Poisson approximate likelihood compared to the particle filter

TL;DR

This paper critically examines the Poisson approximate likelihood (PAL) filter, revealing that its purported advantages over particle filters are invalid when applied to the same data, and showing particle filters perform better in correct model settings.

Contribution

The paper identifies flaws in previous comparisons between PAL and particle filters, demonstrating that PAL's advantages are due to data scaling issues and not inherent superiority.

Findings

PAL's claimed advantages are invalid when applied to the same data.

Particle filters outperform PAL in correctly specified models.

Scaling differences explain previous performance claims.

Abstract

Filtering algorithms are fundamental for inference on partially observed stochastic dynamic systems, since they provide access to the likelihood function and hence enable likelihood-based or Bayesian inference. A novel Poisson approximate likelihood (PAL) filter was introduced by Whitehouse et al. (2023). PAL employs a Poisson approximation to conditional densities, offering a fast approximation to the likelihood function for a certain subset of partially observed Markov process models.
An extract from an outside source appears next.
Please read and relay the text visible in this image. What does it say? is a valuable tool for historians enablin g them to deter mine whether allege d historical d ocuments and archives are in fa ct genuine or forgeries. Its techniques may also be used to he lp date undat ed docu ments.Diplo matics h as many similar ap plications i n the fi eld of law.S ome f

A central piece of evidence for PAL is the comparison in Table 1 of Whitehouse et al. (2023), which claims a large improvement for PAL over a standard particle filter algorithm. This evidence, based on a model and data from a previous scientific study by Stocks et al. (2020), might suggest that researchers confronted with similar models should use PAL rather than particle filter methods. Taken at face value, this evidence also reduces the credibility of Stocks et al. (2020) by indicating a shortcoming with the numerical methods that they used. However, we show that the comparison of log-likelihood values made by Whitehouse et al. (2023) is flawed because their PAL calculations were carried out using a dataset scaled differently from the previous study. If PAL and the particle filter are applied to the same data, the advantage claimed for PAL disappears. On simulations where the model is correctly specified, the particle filter outperforms PAL.